Note that if you're doing multiple searches and you want to keep the results separate, you might want to change the database name in the `credentials.py` file.

### Saving as CSV

Once your harvest is complete, you can save the results to a CSV file.

* Make sure your virtual environment is activated and your inside the cloned repository folder.
* Type `python` to start up Python, the command prompt will change to `>>>`.
``` shell
python
```
* Import the `harvest.py` module and then run the `save_csv()` function.
``` python
import harvest
harvest.save_csv()
```

### Save full text versions of documents

Once your harvest is complete, you can download the texts of all the available documents.
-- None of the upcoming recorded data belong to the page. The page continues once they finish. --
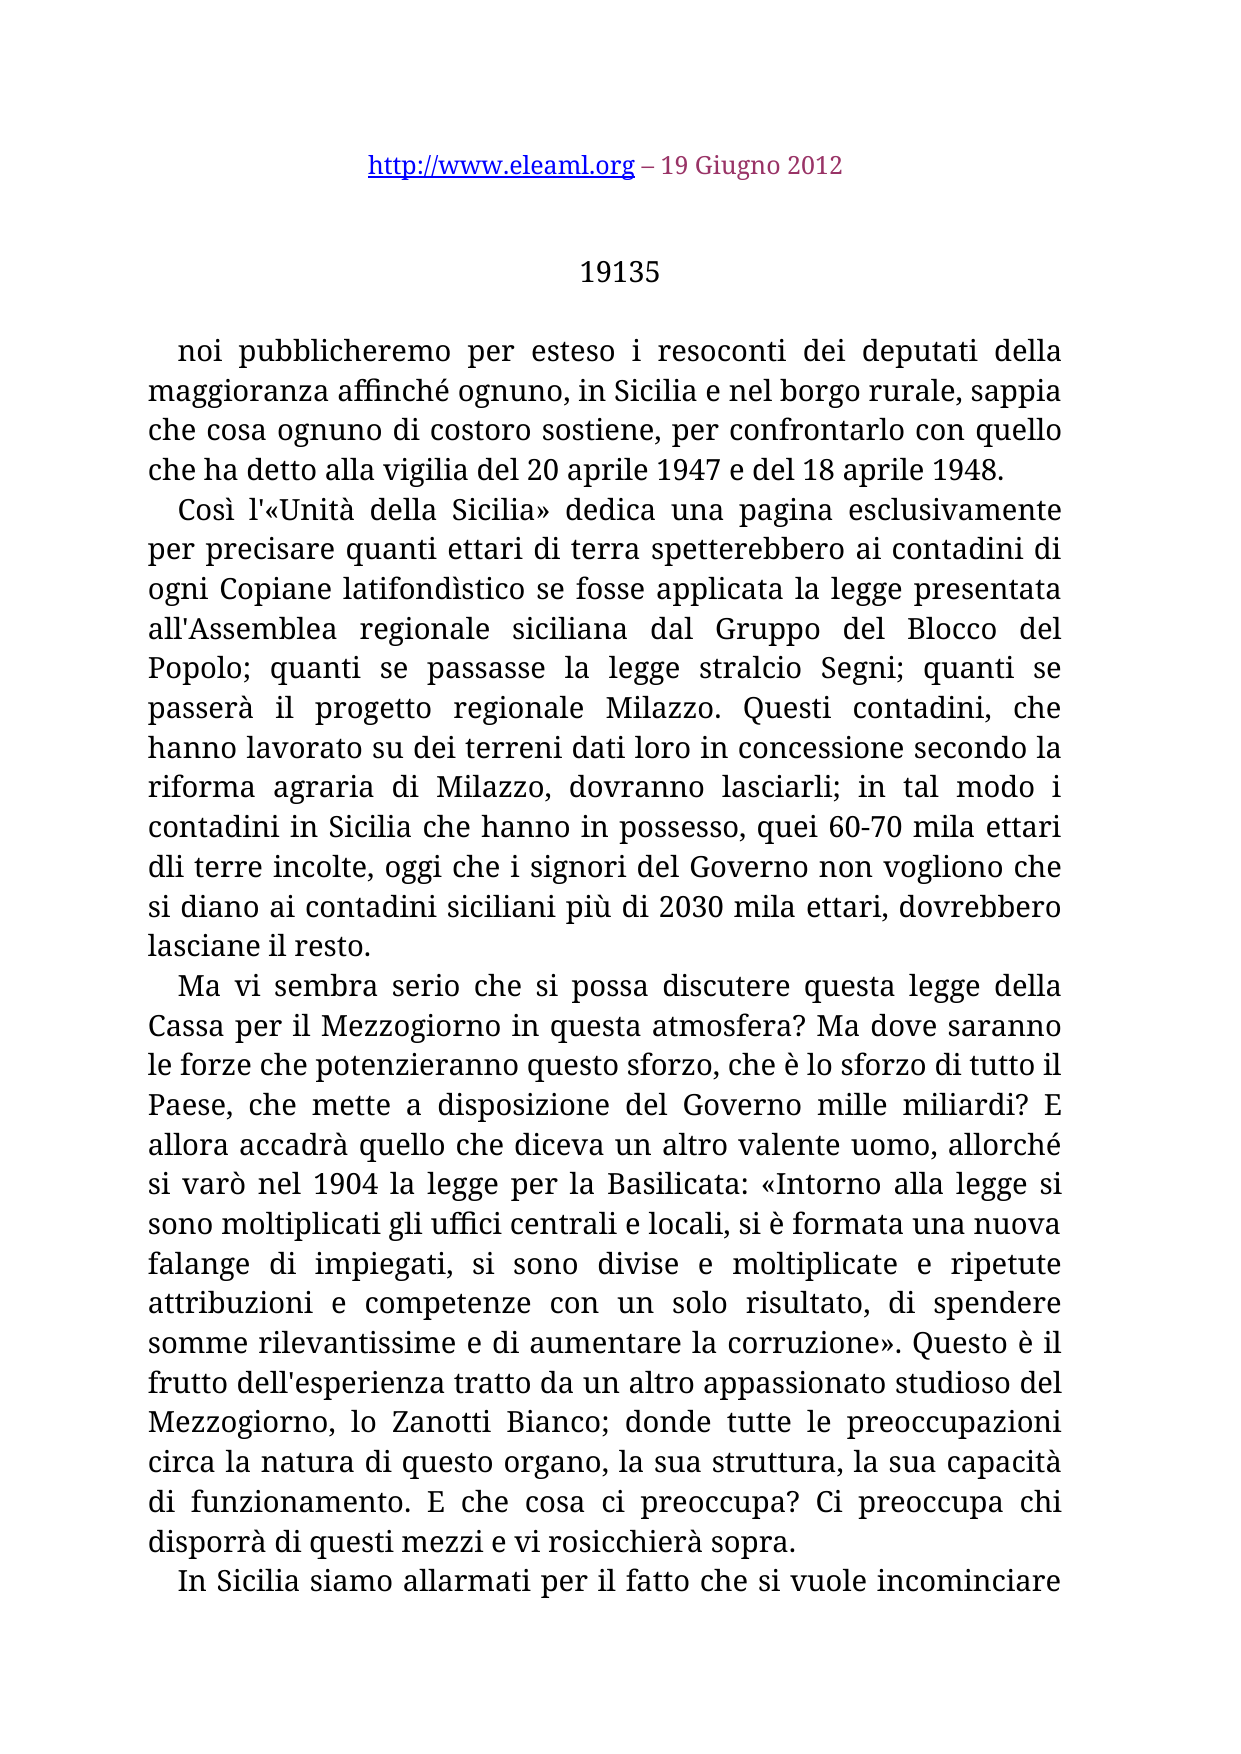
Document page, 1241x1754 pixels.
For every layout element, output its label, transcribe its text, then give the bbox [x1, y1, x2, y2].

text In Sicilia siamo allarmati per il fatto che si vuole incominciare [148, 1561, 1063, 1600]
text Così l'«Unità della Sicilia» dedica una pagina esclusivamente per precisare quanti ettari di terra spetterebbero ai contadini di ogni Copiane latifondìstico se fosse applicata la legge presentata all'Assemblea regionale siciliana dal Gruppo del Blocco del Popolo; quanti se passasse la legge stralcio Segni; quanti se passerà il progetto regionale Milazzo. Questi contadini, che hanno lavorato su dei terreni dati loro in concessione secondo la riforma agraria di Milazzo, dovranno lasciarli; in tal modo i contadini in Sicilia che hanno in possesso, quei 60-70 mila ettari dli terre incolte, oggi che i signori del Governo non vogliono che si diano ai contadini siciliani più di 2030 mila ettari, dovrebbero lasciane il resto. [148, 489, 1063, 965]
text Ma vi sembra serio che si possa discutere questa legge della Cassa per il Mezzogiorno in questa atmosfera? Ma dove saranno le forze che potenzieranno questo sforzo, che è lo sforzo di tutto il Paese, che mette a disposizione del Governo mille miliardi? E allora accadrà quello che diceva un altro valente uomo, allorché si varò nel 1904 la legge per la Basilicata: «Intorno alla legge si sono moltiplicati gli uffici centrali e locali, si è formata una nuova falange di impiegati, si sono divise e moltiplicate e ripetute attribuzioni e competenze con un solo risultato, di spendere somme rilevantissime e di aumentare la corruzione». Questo è il frutto dell'esperienza tratto da un altro appassionato studioso del Mezzogiorno, lo Zanotti Bianco; donde tutte le preoccupazioni circa la natura di questo organo, la sua struttura, la sua capacità di funzionamento. E che cosa ci preoccupa? Ci preoccupa chi disporrà di questi mezzi e vi rosicchierà sopra. [148, 965, 1063, 1561]
text noi pubblicheremo per esteso i resoconti dei deputati della maggioranza affinché ognuno, in Sicilia e nel borgo rurale, sappia che cosa ognuno di costoro sostiene, per confrontarlo con quello che ha detto alla vigilia del 20 aprile 1947 e del 18 aprile 1948. [148, 330, 1063, 489]
text 19135 [148, 251, 1063, 291]
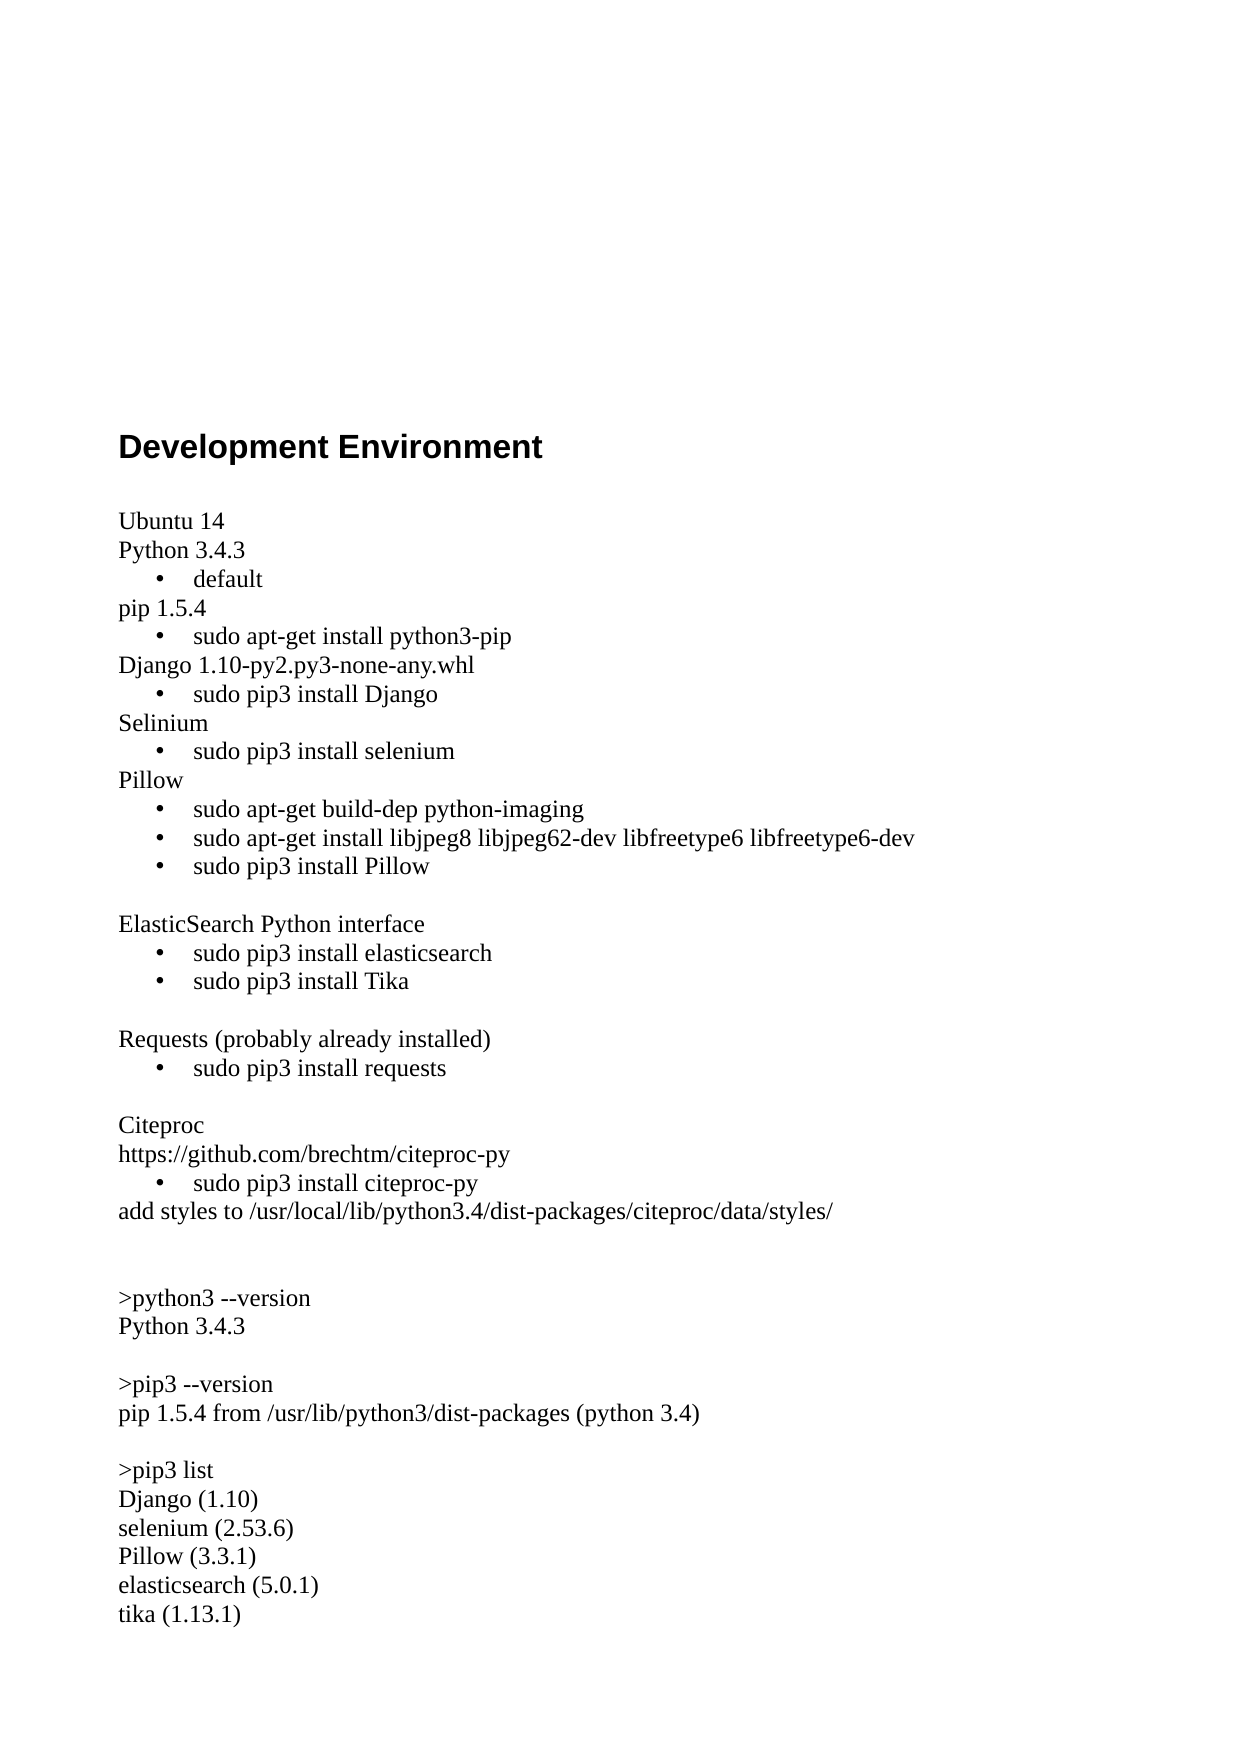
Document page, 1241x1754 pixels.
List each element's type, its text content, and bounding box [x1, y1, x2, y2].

list sudo pip3 install Django [156, 679, 1122, 708]
text Django (1.10) [118, 1484, 1122, 1513]
text selenium (2.53.6) [118, 1513, 1122, 1541]
list sudo pip3 install selenium [156, 736, 1122, 765]
text ElasticSearch Python interface [118, 909, 1122, 938]
text Requests (probably already installed) [118, 1024, 1122, 1053]
list sudo pip3 install requests [156, 1053, 1122, 1081]
text Pillow [118, 765, 1122, 794]
list sudo pip3 install Pillow [156, 851, 1122, 880]
text elasticsearch (5.0.1) [118, 1570, 1122, 1599]
list sudo apt-get build-dep python-imaging [156, 794, 1122, 823]
text Ubuntu 14 [118, 506, 1122, 535]
text >python3 --version [118, 1283, 1122, 1311]
text add styles to /usr/local/lib/python3.4/dist-packages/citeproc/data/styles/ [118, 1196, 1122, 1225]
text Django 1.10-py2.py3-none-any.whl [118, 650, 1122, 679]
text Citeproc [118, 1110, 1122, 1139]
list sudo apt-get install python3-pip [156, 621, 1122, 650]
list default [156, 564, 1122, 593]
list sudo apt-get install libjpeg8 libjpeg62-dev libfreetype6 libfreetype6-dev [156, 823, 1122, 851]
list sudo pip3 install Tika [156, 966, 1122, 995]
text pip 1.5.4 from /usr/lib/python3/dist-packages (python 3.4) [118, 1398, 1122, 1426]
text Pillow (3.3.1) [118, 1541, 1122, 1570]
list sudo pip3 install citeproc-py [156, 1168, 1122, 1196]
text tika (1.13.1) [118, 1599, 1122, 1628]
text https://github.com/brechtm/citeproc-py [118, 1139, 1122, 1168]
list sudo pip3 install elasticsearch [156, 938, 1122, 966]
text Python 3.4.3 [118, 1311, 1122, 1340]
text >pip3 list [118, 1455, 1122, 1484]
text >pip3 --version [118, 1369, 1122, 1398]
subtitle Development Environment [118, 426, 1122, 465]
text Selinium [118, 708, 1122, 736]
text pip 1.5.4 [118, 593, 1122, 621]
text Python 3.4.3 [118, 535, 1122, 564]

* Make sure your virtual environment is activated and your inside the cloned repository folder.
* Type `python` to start up Python, the command prompt will change to `>>>`.
``` shell
python
```
* Import the `harvest.py` module and then run the `save_texts()` function.
``` python
import harvest
harvest.save_csv()
```

Note that this function will only download documents that have OCRd text in ParlInfo. So you might notice a difference between the number of records in your dataset and the number of texts downloaded.